愛犬の老いと別れ、その「時」にどう備えるか:介護福祉士エッセイストの視点

愛するペットとの別れは避けられない現実です。特に老犬との暮らしにおいては、いつか訪れる最期の日とどう向き合うかが常に問われます。介護福祉士でありエッセイストのフクダウニーさんは、その時が来ることを常に心に留め、どのような状況で別れが訪れても耐えられるよう備える必要があると語ります。本記事では、愛犬の老いと向き合うリアルな心情と、終末期への予感について綴られた経験をご紹介します。

梨好きの愛犬、超シニア期へ

実家で暮らす愛犬は何よりも梨が大好物です。一年中手に入るリンゴとは違い、季節限定で高価な梨。代用品としてリンゴを与えたこともありましたが、鼻であしらわれてしまいました。普段は穏やかな犬ですが、好物には一切妥協しない生粋の食いしん坊でした。この愛犬は、赤ちゃんから大人、そして老犬へと順調に成長し、今では人間で言えば90歳ほどの超シニアドッグとなりました。のんびり屋で赤ちゃんだった頃の性格はそのままに老いを迎えています。

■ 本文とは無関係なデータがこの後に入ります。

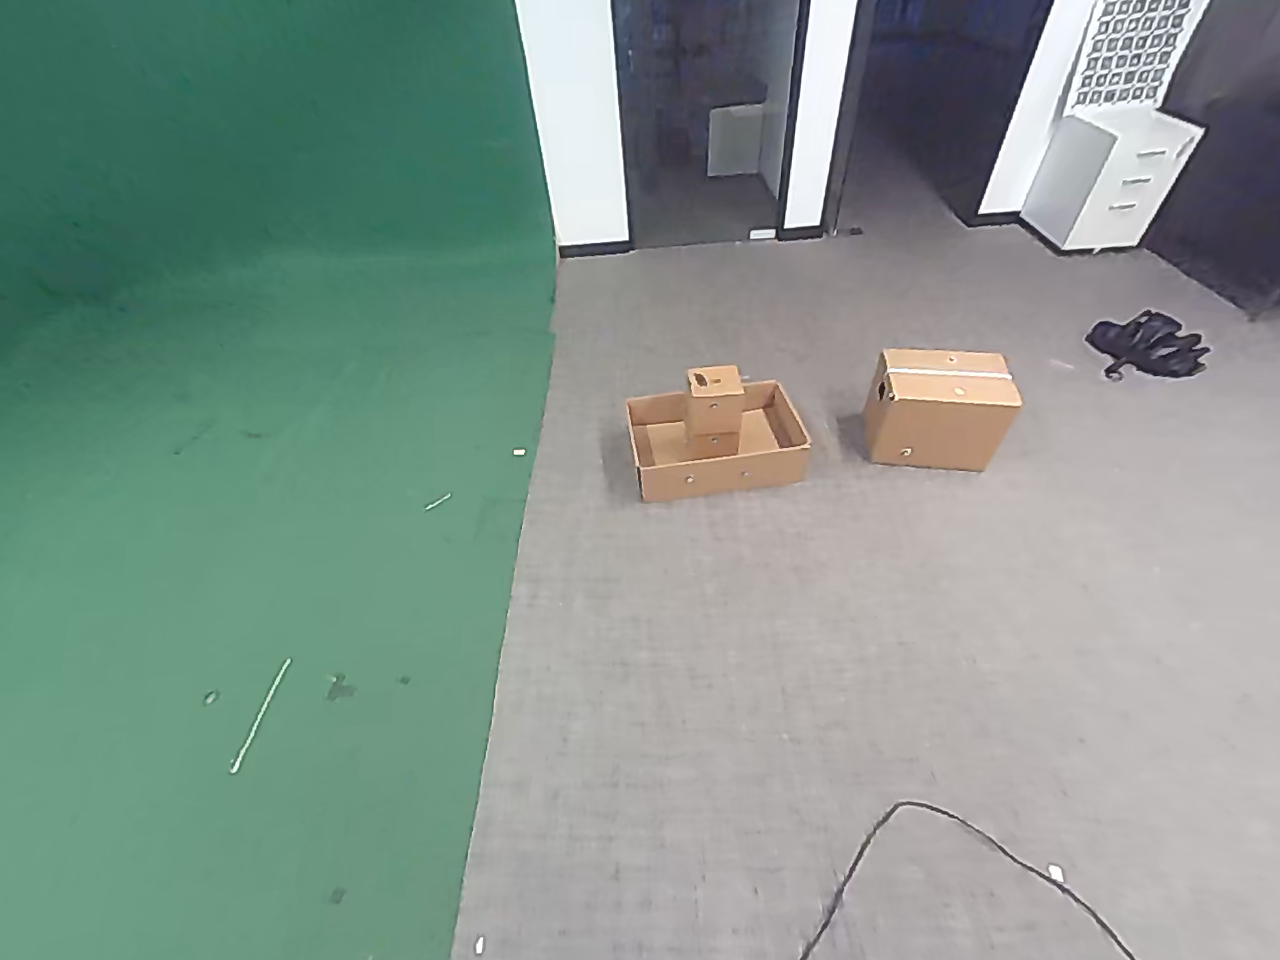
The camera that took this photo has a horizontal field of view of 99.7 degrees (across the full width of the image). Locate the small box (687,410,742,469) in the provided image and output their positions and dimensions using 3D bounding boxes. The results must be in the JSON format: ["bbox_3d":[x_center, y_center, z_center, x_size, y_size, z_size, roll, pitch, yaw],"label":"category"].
[{"bbox_3d":[0.275,-0.157,2.031,0.179,0.176,0.168,-6,46,-3],"label":"small box"}]

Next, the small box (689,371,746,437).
[{"bbox_3d":[0.268,-0.264,1.905,0.179,0.176,0.168,-4,46,-1],"label":"small box"}]
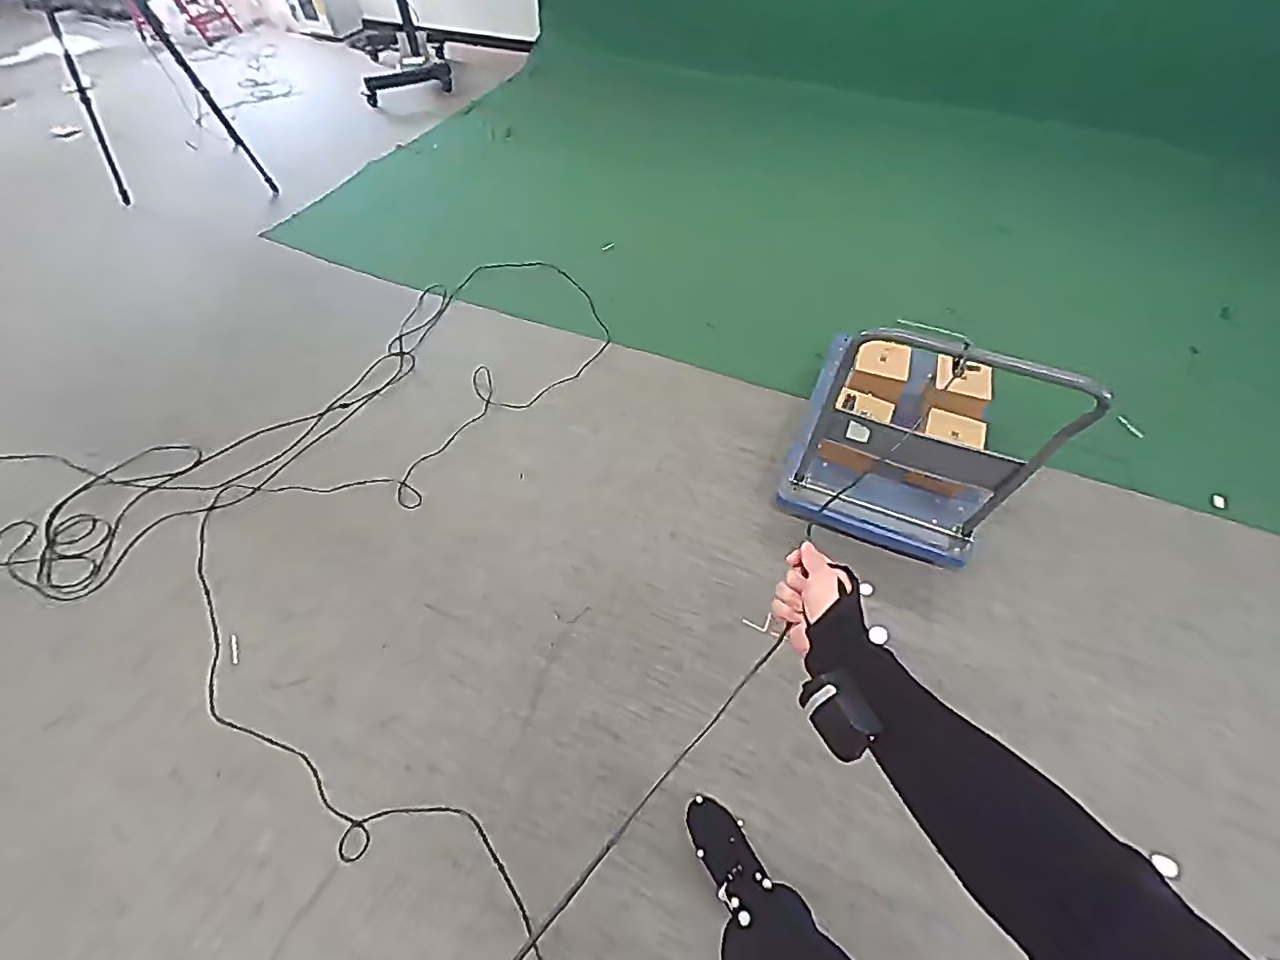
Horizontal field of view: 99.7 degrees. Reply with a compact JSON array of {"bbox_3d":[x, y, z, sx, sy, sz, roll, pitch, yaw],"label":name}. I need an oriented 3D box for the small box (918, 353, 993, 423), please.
[{"bbox_3d":[1.053,-0.291,1.813,0.168,0.176,0.179,16,58,13],"label":"small box"}]

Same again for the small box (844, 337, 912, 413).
[{"bbox_3d":[0.817,-0.360,1.867,0.168,0.176,0.179,17,57,12],"label":"small box"}]

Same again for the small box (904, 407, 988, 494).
[{"bbox_3d":[0.942,-0.088,1.673,0.168,0.176,0.179,21,58,15],"label":"small box"}]
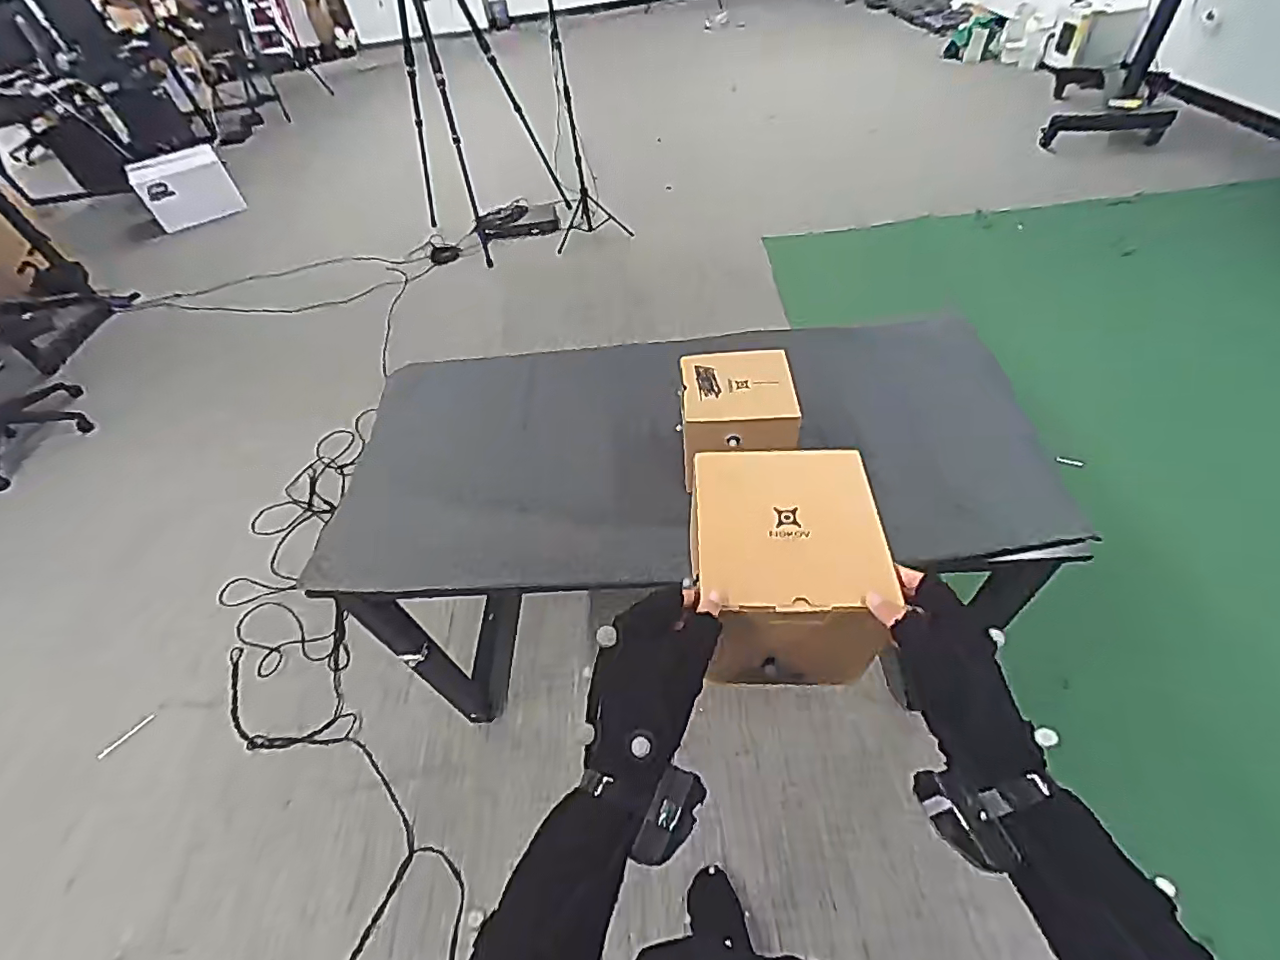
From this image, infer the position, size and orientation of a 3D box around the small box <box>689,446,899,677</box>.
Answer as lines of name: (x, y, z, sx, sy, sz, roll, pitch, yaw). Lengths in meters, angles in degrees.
small box: (0.136, 0.084, 0.556, 0.168, 0.176, 0.179, -1, 51, 4)

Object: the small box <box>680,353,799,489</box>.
small box: (0.161, -0.093, 0.915, 0.179, 0.176, 0.168, -2, 49, 5)
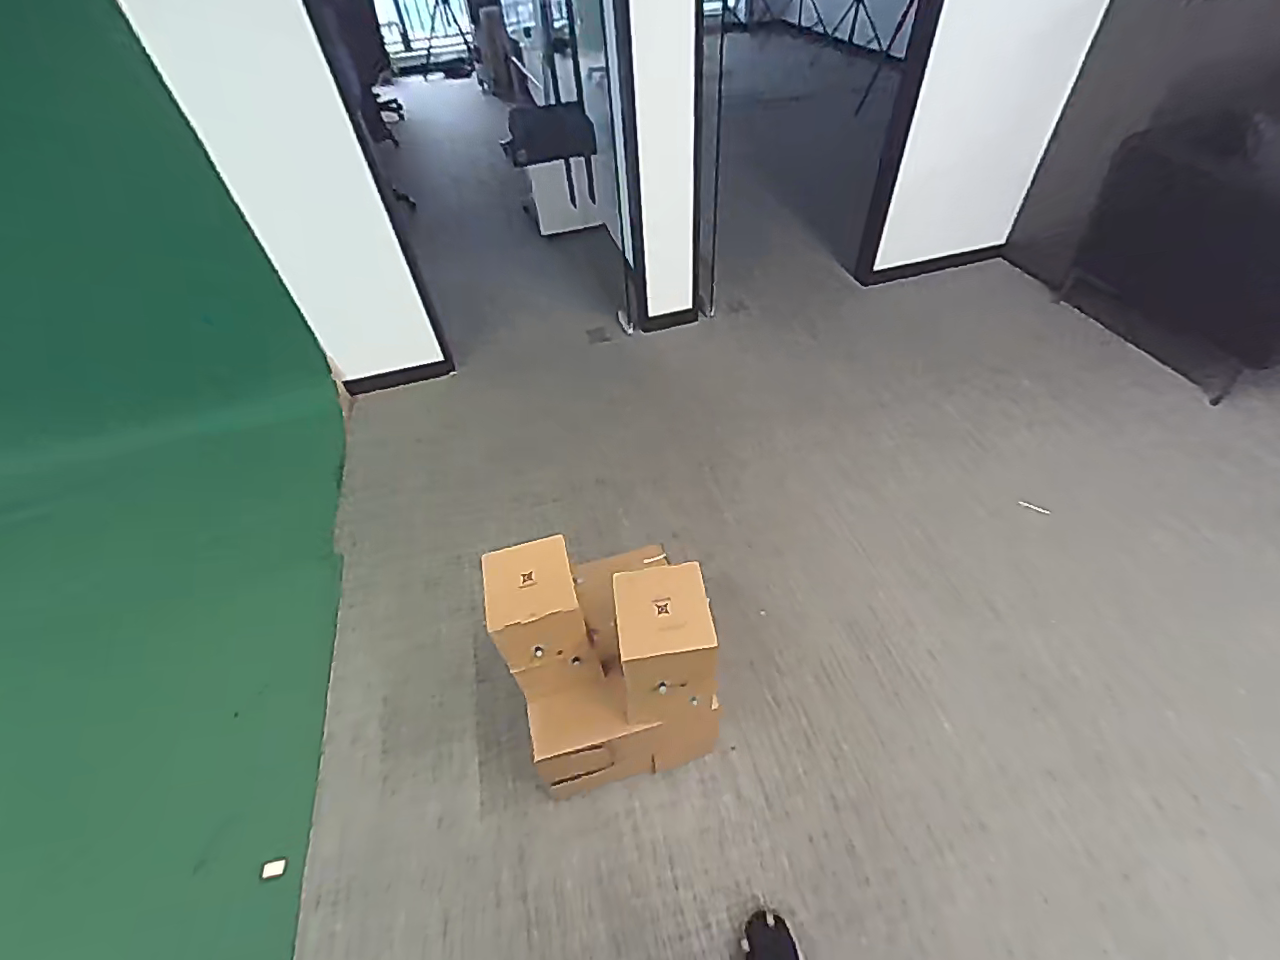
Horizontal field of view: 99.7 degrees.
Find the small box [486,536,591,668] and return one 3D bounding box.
[{"bbox_3d":[-0.201,0.243,1.074,0.168,0.176,0.179,-14,47,-7],"label":"small box"}]

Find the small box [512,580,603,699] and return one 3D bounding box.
[{"bbox_3d":[-0.185,0.353,1.193,0.179,0.176,0.168,-15,46,-8],"label":"small box"}]

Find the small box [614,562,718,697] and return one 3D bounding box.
[{"bbox_3d":[0.045,0.280,1.011,0.168,0.176,0.179,-8,47,-2],"label":"small box"}]

穏やかに横たわるシニア犬:老犬との暮らしを考える穏やかに横たわるシニア犬:老犬との暮らしを考える

体調の異変、そして迫る「その時」の予感

加齢による変化としては、歯槽膿漏で歯が抜け、常に舌が出るようになったことくらいでした。時々収まっていますが、くしゃみしたりぶるぶるっと首を振ると舌が全部出てくるので、基本的に舌はアウトドア派です。数年前までは、老いてはいるものの元気で大きな病気もなく、食欲も旺盛で、まだまだ生きるだろうと思っていました。私の生活や人生に寄り添ってくれると信じて疑いませんでした。

揺れる心:愛犬の老いと向き合う

しかし、最近の愛犬は体調が優れません。食欲も安定せず、咳が出るようになりました。動物病院で検査を受け、注射や投薬による治療を続けていますが、そもそも何故咳が出るのか原因は特定できず、たとえ分かっても高齢のため治療の選択肢が少ないとのこと。先生には本当に手厚く診ていただき、感謝しています。体調の悪い愛犬の様子を見ていると、もしかしたらそんなことないんじゃないか、かつての元気な姿がいつまでも続くわけではないのかもしれない、という考えが頭をよぎり、心に穴が開きそうな感覚に襲われます。考えたくない、認めたくない現実なのに、気が付けば愛犬のことばかり考えてしまう日々です。これは恋というものなのかしら、まぁ、恋も犬も同じ二文字ですし、と自問するほどです。

老犬との暮らしは、楽しい思い出と共に、いつか来る別れへの覚悟を常に迫るものです。体調を崩した愛犬への心配は尽きませんが、その最期まで寄り添い、後悔のない選択をするための心の準備が今、求められています。